Beausire groaned as though he wished there could be doubt on that head.
“You do me much honor in commencing by me, for there were very great grandees compared with me.”
“My dear boy, I follow the Gospel: ‘The first shall be last.’ If the first are to be last, why, the last will naturally lead. So I begin with you, according to Scripture. Then there would be your comrade Tourcaty, an old recruiting officer who is charged to raise the Brabant Legion?”
“Yes, we had Tourcaty.”
“Then, there would be that sound royalist Marquie, once sergeant in the French Guards, now sub-lieutenant in a regiment of the centre line. Favras, of course? the Masked Man? Any particulars to furnish about the Masked Man?”
The traitor looked at the inquirer so fixedly that his eyes seemed to kindle in the dark.

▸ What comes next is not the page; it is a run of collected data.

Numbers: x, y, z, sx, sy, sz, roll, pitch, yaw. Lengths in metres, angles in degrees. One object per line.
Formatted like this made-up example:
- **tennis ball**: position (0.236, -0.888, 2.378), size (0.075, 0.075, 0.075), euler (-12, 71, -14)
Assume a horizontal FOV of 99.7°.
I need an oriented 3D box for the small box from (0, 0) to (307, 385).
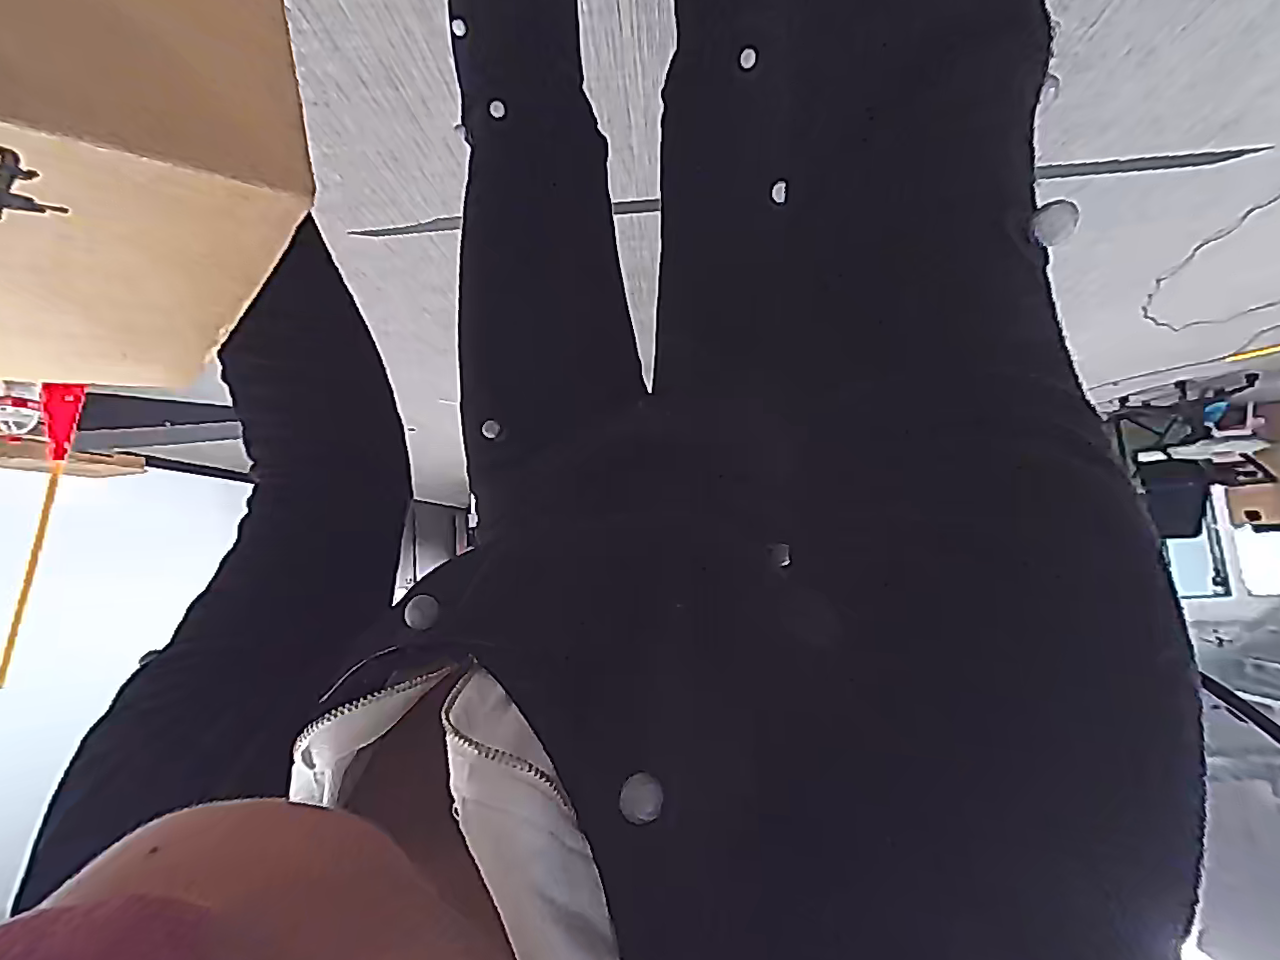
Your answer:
- **small box**: position (-0.202, -0.125, 0.119), size (0.179, 0.176, 0.168), euler (-9, 180, 41)

“Why, is it not – “ but he stopped as if fearing to commit a sacrilege if he went farther.
“What’s this? have you a knot in your tongue? Take care of being tongue-tied. Knots in the tongue lead to knots round the neck, and as they are slip ones, they are the worst kind.”
“Well, is it not the King’s b-b-brother?” stammered the other.
“Nonsense, my dear Beausire, it is conceivable that Favras, who wants it believed that he clasps hands with a royal prince in the plot, should give out that the Mask hides the King’s brother, Provence, but you and your mate, Tourcaty, recruiting-sergeants, are men used to measure men by their height in inches and lines, and it is not likely you would be cheated that way.”
“No, it is not likely,” agreed the soldier.
“The King’s brother is five feet three and seven lines,” pursued the magician, “while the Masked Man is nearly five feet six.”